Vercetti, sosyalizmi devletçi bir yapı olarak düşünürsen dediğine hak verebilirim. Devletçi bir yapı her zaman için hangi ekonomik sisteme dayalı olursa olsun kendi sınıflarını, bürokrasisini üretir. Bu sınıflar, bürokrasi giderek insan için olan sosyalizmden uzaklaşarak totaliter sistemlere dönüşebilir (büyük bir olasılıkla dönüşür). Karl Marx'ın sosyalizmi, komünizmide devletçi bir yapıdan geçiyordu.
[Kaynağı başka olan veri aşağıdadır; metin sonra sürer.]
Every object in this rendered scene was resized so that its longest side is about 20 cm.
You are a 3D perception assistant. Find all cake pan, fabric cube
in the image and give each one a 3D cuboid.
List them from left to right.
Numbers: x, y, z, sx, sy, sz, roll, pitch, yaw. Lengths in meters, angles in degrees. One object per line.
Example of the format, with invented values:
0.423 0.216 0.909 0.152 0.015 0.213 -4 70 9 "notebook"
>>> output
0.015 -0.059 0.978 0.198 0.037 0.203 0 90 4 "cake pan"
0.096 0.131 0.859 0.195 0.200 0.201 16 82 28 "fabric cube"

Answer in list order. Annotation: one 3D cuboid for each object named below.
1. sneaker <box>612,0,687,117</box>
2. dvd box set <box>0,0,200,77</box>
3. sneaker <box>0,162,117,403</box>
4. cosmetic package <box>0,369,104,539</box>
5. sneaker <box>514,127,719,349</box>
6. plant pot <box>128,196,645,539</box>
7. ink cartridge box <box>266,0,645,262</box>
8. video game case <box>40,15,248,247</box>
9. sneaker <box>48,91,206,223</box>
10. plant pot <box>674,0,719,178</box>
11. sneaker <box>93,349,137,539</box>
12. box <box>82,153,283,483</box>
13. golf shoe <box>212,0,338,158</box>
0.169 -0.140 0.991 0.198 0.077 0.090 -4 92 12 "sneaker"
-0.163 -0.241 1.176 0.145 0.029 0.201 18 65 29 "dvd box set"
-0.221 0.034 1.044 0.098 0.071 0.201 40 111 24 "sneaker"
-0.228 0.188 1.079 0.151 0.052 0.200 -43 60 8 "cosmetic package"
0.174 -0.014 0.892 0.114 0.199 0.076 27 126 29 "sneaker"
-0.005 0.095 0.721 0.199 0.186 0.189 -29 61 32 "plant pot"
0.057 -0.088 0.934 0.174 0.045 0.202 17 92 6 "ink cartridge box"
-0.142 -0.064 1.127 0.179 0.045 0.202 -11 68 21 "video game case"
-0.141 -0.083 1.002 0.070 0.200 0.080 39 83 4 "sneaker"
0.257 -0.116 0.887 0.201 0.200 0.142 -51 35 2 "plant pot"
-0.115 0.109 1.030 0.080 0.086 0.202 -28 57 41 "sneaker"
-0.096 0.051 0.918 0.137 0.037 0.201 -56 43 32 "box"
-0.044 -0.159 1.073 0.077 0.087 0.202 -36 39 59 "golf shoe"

Bu yüzden marksizmin sosyalizm için geçerli bir yöntem olmadığını düşünüyorum.
Sosyalist ve komünist ekonomik sistemler, özellikle komünizm, devletçi olmayan bakış açısıyla (biz buna anarşizm diyoruz :) ) tamamen insana önem veren sistemlerdir. İnsanları robotlaştıran bir sistem yaratmak değil (bugünkü kapitalizminde yaptığı bu değil mi ayrıca..), yaratıcılığına destek verecek bir sistem oluşturur bu düşünceler.
 
revolte günümüx sosyal demokrasisinin manifestosu olan Sosyalist Enternasyonel 1951 Frankfurt Bildirisi'ni okumanı öneririm.Bu bildiriye göre sosyal demokrasinin kökeni Marksizmdir.Okuman iyi olur.Yani bütün sosyalistler kökenini Marksizm olarak görüyorken Marksizme geçersiz demen kabul edilebilir değil.
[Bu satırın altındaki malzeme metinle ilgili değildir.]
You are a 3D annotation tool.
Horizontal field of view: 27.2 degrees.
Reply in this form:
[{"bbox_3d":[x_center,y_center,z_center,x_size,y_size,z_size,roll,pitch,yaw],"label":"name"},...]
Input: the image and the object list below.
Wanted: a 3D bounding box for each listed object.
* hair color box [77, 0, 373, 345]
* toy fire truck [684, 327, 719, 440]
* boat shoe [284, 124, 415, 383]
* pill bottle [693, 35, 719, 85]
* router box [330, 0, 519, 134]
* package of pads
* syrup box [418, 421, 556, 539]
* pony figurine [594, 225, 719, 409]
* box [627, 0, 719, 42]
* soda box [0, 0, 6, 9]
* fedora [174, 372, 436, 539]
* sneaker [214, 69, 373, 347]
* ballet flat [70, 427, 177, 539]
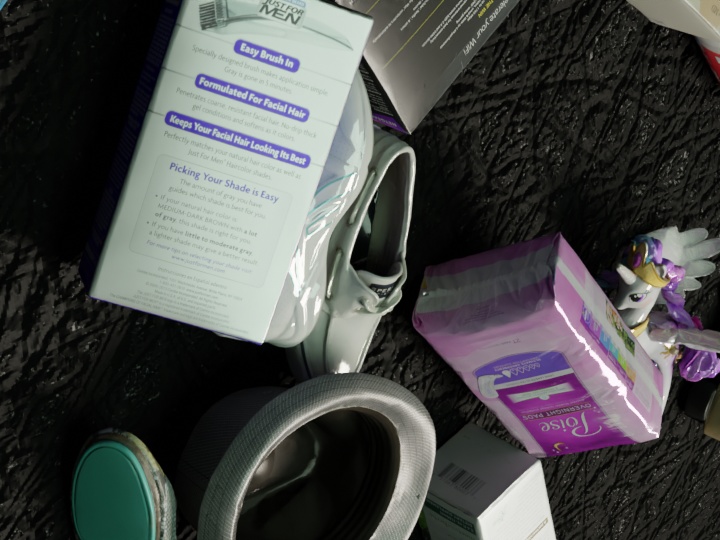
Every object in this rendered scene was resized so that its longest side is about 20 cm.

Sosyalizm devletçi bir yapıdır.Bu sosyalist enternasyoneller 1 ve 2 ve 1951 toplantısı dahil (19.yy'dan 20 yy. ortalarına kadar) hepsinde belirtilmiştir.Bunu ben söylemiyorum, sosyalistlerin kendisi söylüyor, iktisatçılar söylüyor.

Şu da var.Marks'ın görüşleri bilimseldir bu tartışılmaz.Ve sosyoloji,iktisat,hukuk vs. gibi alanlarda yaptığı çalışmalar hala değerini korumaktadır.Milyonlarca insanın fikirlerini yön vermektedir.Fakat "ileride neler olacağını" söyleyen Marks'ın yani kahin Marx'ın tahminleri tutmamıştır.Zira Marx "veri koşullar" altında bir kuram geliştirmişti ve "veri koşullar" Marx'ın öngöremeyeceği biçimde değişmiştir.

Örneğin bugün kapitalist diye nitelendirilen birçok ülke (ki çoğu aslında saf kapitalist değil karma ekonomiye sahiptir) işçi hakları üst düzeydedir.Sadece işçi değil insan hakları üst düzeydedir.Sadece işsizlik maaşı bizim hakim, doktor, öğretmen maaşımızdan yüksektir.Bu yüzdendir ki avrupalılar yaşam kaygısı duymuyorlar.Gönüllerince emekliliklerini, hayatlarını yaşayabiliyorlar.Çünkü sosyal güvenceyi sonuna kadar, toplumun tamamına sağlayan devletleri var.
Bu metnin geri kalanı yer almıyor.